2022 Volkswagen ID.3: range reduced to one model due to semiconductor shortage
Only one version of VW’s electric hatchback is available to order right now: the £35,835 ID.3 Life
Volkswagen has temporarily removed all but one version of the ID.3 from its range, as the semiconductor shortage has caused wait times for the electric hatchback to shoot up. The order backlog for the brand’s ID. family currently stands at around 95,000 vehicles across Europe.
As a result, the ID.3 Life is the only model currently available to order in the UK, with the ‘Pro Performance’ drivetrain (a 201bhp motor and 58kWh battery) for a range of up to 259 miles. Standard kit includes 18-inch ‘Aero’ alloy wheels, a 10-inch infotainment screen, LED headlights, wireless smartphone charging, a reversing camera and safety systems like adaptive cruise control and lane-keeping assistance.
As prices start from £35,835, it’s not eligible for the government’s plug-in car grant. VW’s other electric models, including the e-up!, the ID.4 and the ID.5, are not seeing changes to their line-ups at the moment. According to the company, semiconductor supply is expected to remain “volatile and challenging” for at least for the first half of 2022, but is anticipated to stabilise later in the year – at which point the full ID.3 line-up could be re-introduced.

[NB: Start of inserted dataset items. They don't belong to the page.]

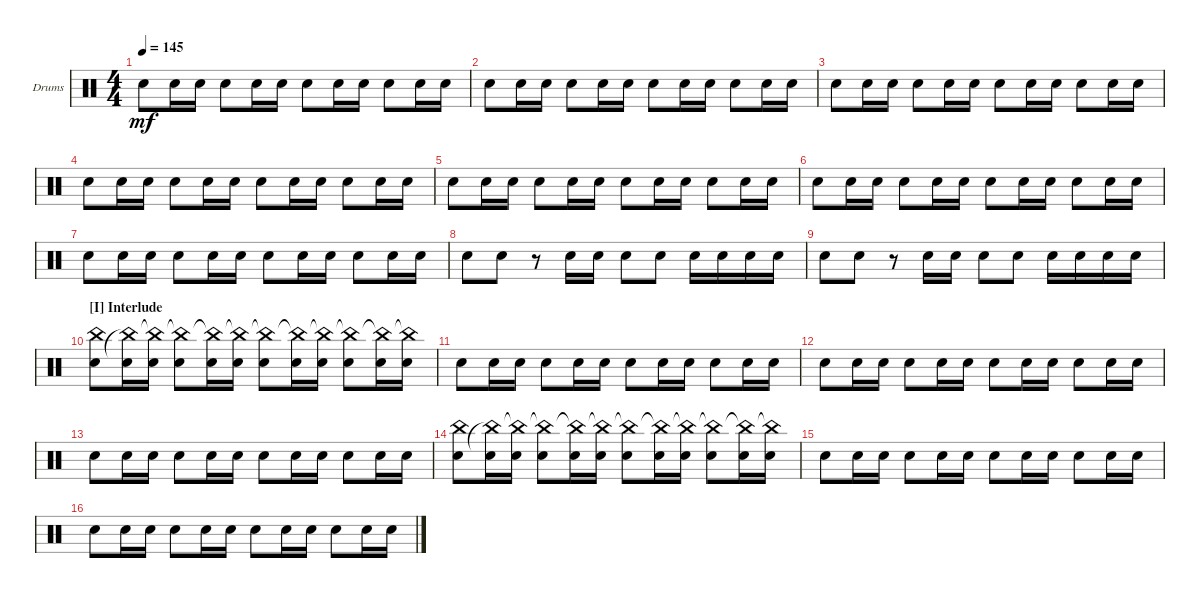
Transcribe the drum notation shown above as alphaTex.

\defaultSystemsLayout 4
\bracketExtendMode groupsimilarinstruments
\firstSystemTrackNameOrientation horizontal
\otherSystemsTrackNameOrientation horizontal
\track ("Drumkit" "Drums") {instrument percussion}
\staff {score}
\articulation defaults
\ts (4 4)
\tempo 145
\clef neutral
\scale
0.333333
\ks c "Snare (hit) 2".8{dy mf} "Snare (hit) 2".16 "Snare (hit) 2".16 "Snare (hit) 2".8 "Snare (hit) 2".16 "Snare (hit) 2".16 "Snare (hit) 2".8 "Snare (hit) 2".16 "Snare (hit) 2".16 "Snare (hit) 2".8 "Snare (hit) 2".16 "Snare (hit) 2".16
|
\scale
0.333333 "Snare (hit) 2".8 "Snare (hit) 2".16 "Snare (hit) 2".16 "Snare (hit) 2".8 "Snare (hit) 2".16 "Snare (hit) 2".16 "Snare (hit) 2".8 "Snare (hit) 2".16 "Snare (hit) 2".16 "Snare (hit) 2".8 "Snare (hit) 2".16 "Snare (hit) 2".16 |
\scale
0.333333 "Snare (hit) 2".8 "Snare (hit) 2".16 "Snare (hit) 2".16 "Snare (hit) 2".8 "Snare (hit) 2".16 "Snare (hit) 2".16 "Snare (hit) 2".8 "Snare (hit) 2".16 "Snare (hit) 2".16 "Snare (hit) 2".8 "Snare (hit) 2".16 "Snare (hit) 2".16 |
\scale
0.333333 "Snare (hit) 2".8 "Snare (hit) 2".16 "Snare (hit) 2".16 "Snare (hit) 2".8 "Snare (hit) 2".16 "Snare (hit) 2".16 "Snare (hit) 2".8 "Snare (hit) 2".16 "Snare (hit) 2".16 "Snare (hit) 2".8 "Snare (hit) 2".16 "Snare (hit) 2".16 |
\scale
0.333333 "Snare (hit) 2".8 "Snare (hit) 2".16 "Snare (hit) 2".16 "Snare (hit) 2".8 "Snare (hit) 2".16 "Snare (hit) 2".16 "Snare (hit) 2".8 "Snare (hit) 2".16 "Snare (hit) 2".16 "Snare (hit) 2".8 "Snare (hit) 2".16 "Snare (hit) 2".16 |
\scale
0.333333 "Snare (hit) 2".8 "Snare (hit) 2".16 "Snare (hit) 2".16 "Snare (hit) 2".8 "Snare (hit) 2".16 "Snare (hit) 2".16 "Snare (hit) 2".8 "Snare (hit) 2".16 "Snare (hit) 2".16 "Snare (hit) 2".8 "Snare (hit) 2".16 "Snare (hit) 2".16 |
\scale
0.333333 "Snare (hit) 2".8 "Snare (hit) 2".16 "Snare (hit) 2".16 "Snare (hit) 2".8 "Snare (hit) 2".16 "Snare (hit) 2".16 "Snare (hit) 2".8 "Snare (hit) 2".16 "Snare (hit) 2".16 "Snare (hit) 2".8 "Snare (hit) 2".16 "Snare (hit) 2".16 |
\scale
0.333333 "Snare (hit) 2".8 "Snare (hit) 2".8 r.8 "Snare (hit) 2".16 "Snare (hit) 2".16 "Snare (hit) 2".8 "Snare (hit) 2".8 "Snare (hit) 2".16 "Snare (hit) 2".16 "Snare (hit) 2".16 "Snare (hit) 2".16 |
\scale
0.333333 "Snare (hit) 2".8 "Snare (hit) 2".8 r.8 "Snare (hit) 2".16 "Snare (hit) 2".16 "Snare (hit) 2".8 "Snare (hit) 2".8 "Snare (hit) 2".16 "Snare (hit) 2".16 "Snare (hit) 2".16 "Snare (hit) 2".16 |
\section ("I" "Interlude")
\scale
0.333333 ("China (hit)" "Snare (hit) 2").8 ("Snare (hit) 2" "China (hit)"{t}).16 ("Snare (hit) 2" "China (hit)"{t}).16 ("Snare (hit) 2" "China (hit)"{t}).8 ("Snare (hit) 2" "China (hit)"{t}).16 ("Snare (hit) 2" "China (hit)"{t}).16 ("Snare (hit) 2" "China (hit)"{t}).8 ("Snare (hit) 2" "China (hit)"{t}).16 ("Snare (hit) 2" "China (hit)"{t}).16 ("Snare (hit) 2" "China (hit)"{t}).8 ("Snare (hit) 2" "China (hit)"{t}).16 ("Snare (hit) 2" "China (hit)"{t}).16 |
\scale
0.333333 "Snare (hit) 2".8 "Snare (hit) 2".16 "Snare (hit) 2".16 "Snare (hit) 2".8 "Snare (hit) 2".16 "Snare (hit) 2".16 "Snare (hit) 2".8 "Snare (hit) 2".16 "Snare (hit) 2".16 "Snare (hit) 2".8 "Snare (hit) 2".16 "Snare (hit) 2".16 |
\scale
0.333333 "Snare (hit) 2".8 "Snare (hit) 2".16 "Snare (hit) 2".16 "Snare (hit) 2".8 "Snare (hit) 2".16 "Snare (hit) 2".16 "Snare (hit) 2".8 "Snare (hit) 2".16 "Snare (hit) 2".16 "Snare (hit) 2".8 "Snare (hit) 2".16 "Snare (hit) 2".16 |
\scale
0.333333 "Snare (hit) 2".8 "Snare (hit) 2".16 "Snare (hit) 2".16 "Snare (hit) 2".8 "Snare (hit) 2".16 "Snare (hit) 2".16 "Snare (hit) 2".8 "Snare (hit) 2".16 "Snare (hit) 2".16 "Snare (hit) 2".8 "Snare (hit) 2".16 "Snare (hit) 2".16 |
\scale
0.333333 ("China (hit)" "Snare (hit) 2").8 ("Snare (hit) 2" "China (hit)"{t}).16 ("Snare (hit) 2" "China (hit)"{t}).16 ("Snare (hit) 2" "China (hit)"{t}).8 ("Snare (hit) 2" "China (hit)"{t}).16 ("Snare (hit) 2" "China (hit)"{t}).16 ("Snare (hit) 2" "China (hit)"{t}).8 ("Snare (hit) 2" "China (hit)"{t}).16 ("Snare (hit) 2" "China (hit)"{t}).16 ("Snare (hit) 2" "China (hit)"{t}).8 ("Snare (hit) 2" "China (hit)"{t}).16 ("Snare (hit) 2" "China (hit)"{t}).16 |
\scale
0.333333 "Snare (hit) 2".8 "Snare (hit) 2".16 "Snare (hit) 2".16 "Snare (hit) 2".8 "Snare (hit) 2".16 "Snare (hit) 2".16 "Snare (hit) 2".8 "Snare (hit) 2".16 "Snare (hit) 2".16 "Snare (hit) 2".8 "Snare (hit) 2".16 "Snare (hit) 2".16 |
\scale
0.333333 "Snare (hit) 2".8 "Snare (hit) 2".16 "Snare (hit) 2".16 "Snare (hit) 2".8 "Snare (hit) 2".16 "Snare (hit) 2".16 "Snare (hit) 2".8 "Snare (hit) 2".16 "Snare (hit) 2".16 "Snare (hit) 2".8 "Snare (hit) 2".16 "Snare (hit) 2".16

Volkswagen ID.3 motors, power, battery and charging
Before the range reduction, five versions of the ID.3 were available, named Life, Style, Family, Max and Tour. The entry-level Pure Performance powertrain (a 148bhp motor and 45kWh battery) was available with the Life and Style trims, offering ranges of 217 and 215 miles respectively.
The Pro powertrain uses a larger 58kWh battery paired with a 143bhp electric motor for a range of between 262 and 264 miles. It was offered in Life and Family trim, while the Pro Performance setup increased motor power to 201bhp while retaining the 58kWh battery. It was available as an upgrade in the Life and Family, as well as being the standard powertrain in the Max.
The normal ID.3 range-topper is the Tour Pro S. This version has the same 201bhp electric motor as the Pure Performance and Pro Performance, but a larger 77kWh battery boosts range to 342 miles. The extra space needed to accommodate this battery means this version of the ID.3 is a four-seater, not a five-seater, however.
Trim levels, specifications, standard equipment and options
As of February 2022, the ID.3 is only available in Life trim with the Pro Performance powertrain. There’s also a limited number of optional extras on offer at the moment, including a heat pump, a mains charging cable and various different alloy-wheel designs. Standard equipment on the regular line-up, offered before February 2022 and likely to return later in the year, is as follows:
Life cars feature a 10-inch infotainment screen, wireless smartphone charging, LED headlights, adaptive cruise control, lane-keeping assistance, parking sensors, heated front seats and a heated steering wheel.
Style is only available with the entry-level Pure Performance electric motor and battery. But it builds on the Life trim’s kit with upgraded 18-inch alloys, Volkswagen’s IQ.Light LED matrix headlights, 30-colour interior ambient lighting and tinted windows, as well as keyless entry and a reversing camera.
Family comes with matrix LED headlights and a panoramic glass roof, as well as two-zone air-conditioning, a rear-view camera and keyless access.
Max includes all the kit from the other trims, along with an augmented-reality head-up display and adaptive chassis control. It’s only available with the 201bhp Pro Performance electric powertrain.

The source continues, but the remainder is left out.